Önce AK Parti İstanbul seçimlerini neden kaybetti, onu konuşalım. Cumhurbaşkanı teşkilatlara kızmış, operasyon yapılacakmış haberlerini okudum ama kazın ayağı hiç de öyle değil. Şayet Cumhurbaşkanı hakkaniyetle suçlu arıyorsa önce damadı Berat Albayrak’ı Bakanlıktan alacak toplumu bir rahatlatacak. Seçmen bu işi o kadar kafaya takmış ki seçim pusulasına ‘damat varsa ben yokum’ yazacak kadar ileriye gitmiş. Cumhurbaşkanı hâlâ daha suçu başkalarında arıyorsa yanlış yapıyor. AK Parti o kadar çok hata yaptı ki akıllara zarar. Yılbaşından itibaren poşetleri paralı yaptı. Buna öyle büyük bir tepki geldi ki anlatamam, poşetin zamanı şimdi miydi? Soğan ve patates konusunda da çok hata yapıldı. Baktın ki soğan patates iç piyasada yeterli değil, ithal edersin tüm piyasaya verirsin olur biter. Milleti kuyruklara sokup bir de peşinden ‘bu kuyruk varlık kuyruğu’ deyip adeta dalga geçer gibi beyanat vermek de işin tuzu biberi oldu.
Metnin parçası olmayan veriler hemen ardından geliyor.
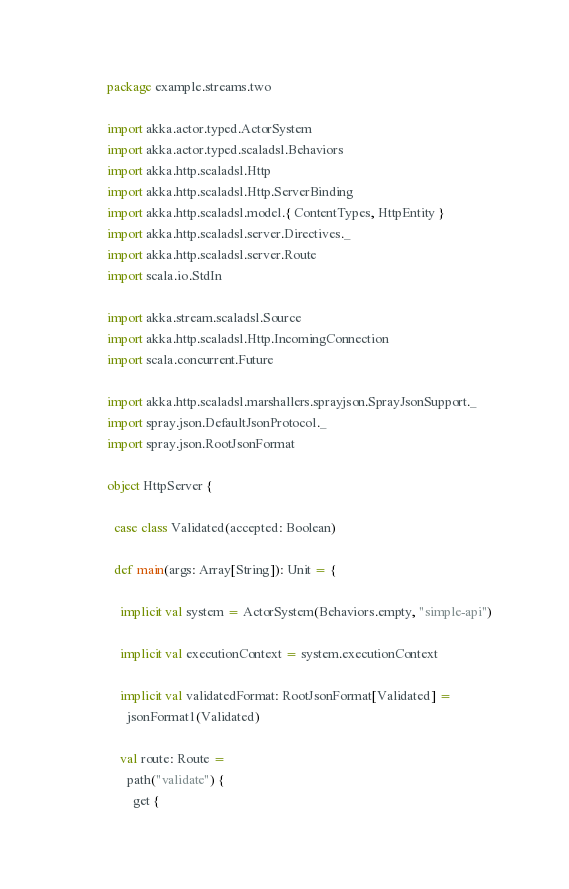<code> <loc_0><loc_0><loc_500><loc_500><_Scala_>package example.streams.two

import akka.actor.typed.ActorSystem
import akka.actor.typed.scaladsl.Behaviors
import akka.http.scaladsl.Http
import akka.http.scaladsl.Http.ServerBinding
import akka.http.scaladsl.model.{ ContentTypes, HttpEntity }
import akka.http.scaladsl.server.Directives._
import akka.http.scaladsl.server.Route
import scala.io.StdIn

import akka.stream.scaladsl.Source
import akka.http.scaladsl.Http.IncomingConnection
import scala.concurrent.Future

import akka.http.scaladsl.marshallers.sprayjson.SprayJsonSupport._
import spray.json.DefaultJsonProtocol._
import spray.json.RootJsonFormat

object HttpServer {

  case class Validated(accepted: Boolean)

  def main(args: Array[String]): Unit = {

    implicit val system = ActorSystem(Behaviors.empty, "simple-api")

    implicit val executionContext = system.executionContext

    implicit val validatedFormat: RootJsonFormat[Validated] =
      jsonFormat1(Validated)

    val route: Route =
      path("validate") {
        get {</code>

Demokrasinin en güzel yönü halkın iradesine, yani sandığa saygılı olmaktır. Daha düne kadar her şey sandık derken şimdi yok sandıklarda şu hile var, bu hile var deyip 15 günden beri adama mazbatasını vermemek fevkalade yanlış bir şey. Refah partisine herkes ateş püskürürken Ankara’yı ve İstanbul’u aldığında anında mazbatalar verildi mi verildi! O zaman şimdi aynı şeyi yapma sırası bizimkilerde. Adam gibi koltuğu bırakıp seçmene saygılı olmak zorundalar. Bu iş uzadıkça toplumun AK Parti’ye tepki duyduğunu da unutmamak lazım. Bazı şeylerin şüyuu vukuundan beterdir. Toplumdaki kanaat evrak temizliği yapmak için zaman kazanmaya çalışıldığı yönündedir. Bu doğru olmayabilir ama dedim ya bazı şeylerin şüyuu vukuundan beterdir. Bana sorarsalar adam gibi yenilgiyi kabul edip koltuğu sahibine bırakmaları erdemliktir. Bu iş Dünyanın sonu da değil, kaldı ki önümüzdeki 4 yıllık süreçte Hükümet toparlanmaz, milletin bu uyarısını da anlamazlıktan gelirse 2023’ün hayal olduğunu da unutmasınlar. İmamı Gazali Hazretleri ‘dost acı söyler’ buyurmakta. Bu bizim yazı da dostlarımıza acı ama gerçek nasihatlerdir. AK Partili Belediyelerin büyük bir kısmı sınıfta kaldı; adam kayırma, rüşvet, iltimas, zamparalık almış başını gitmiş. Bunu eskiden CHP’liler yapardı, şimdi bizimkilerde alıştılar ama hem toplum hem de Allah uyarıyı verdi. Umarım önümüzdeki süreçte bu hatalar düzelir de herkes aklını balına alır. Şehrimizde Belediyelerin bir kısmının adeta çetelerin emrine girdiğini havada uçan kuşlar dahi biliyor. Umarım herkes gerekli dersi alır da bu hatalardan vazgeçer. Bugünlük de bu kadar, kalın sağlıcakla.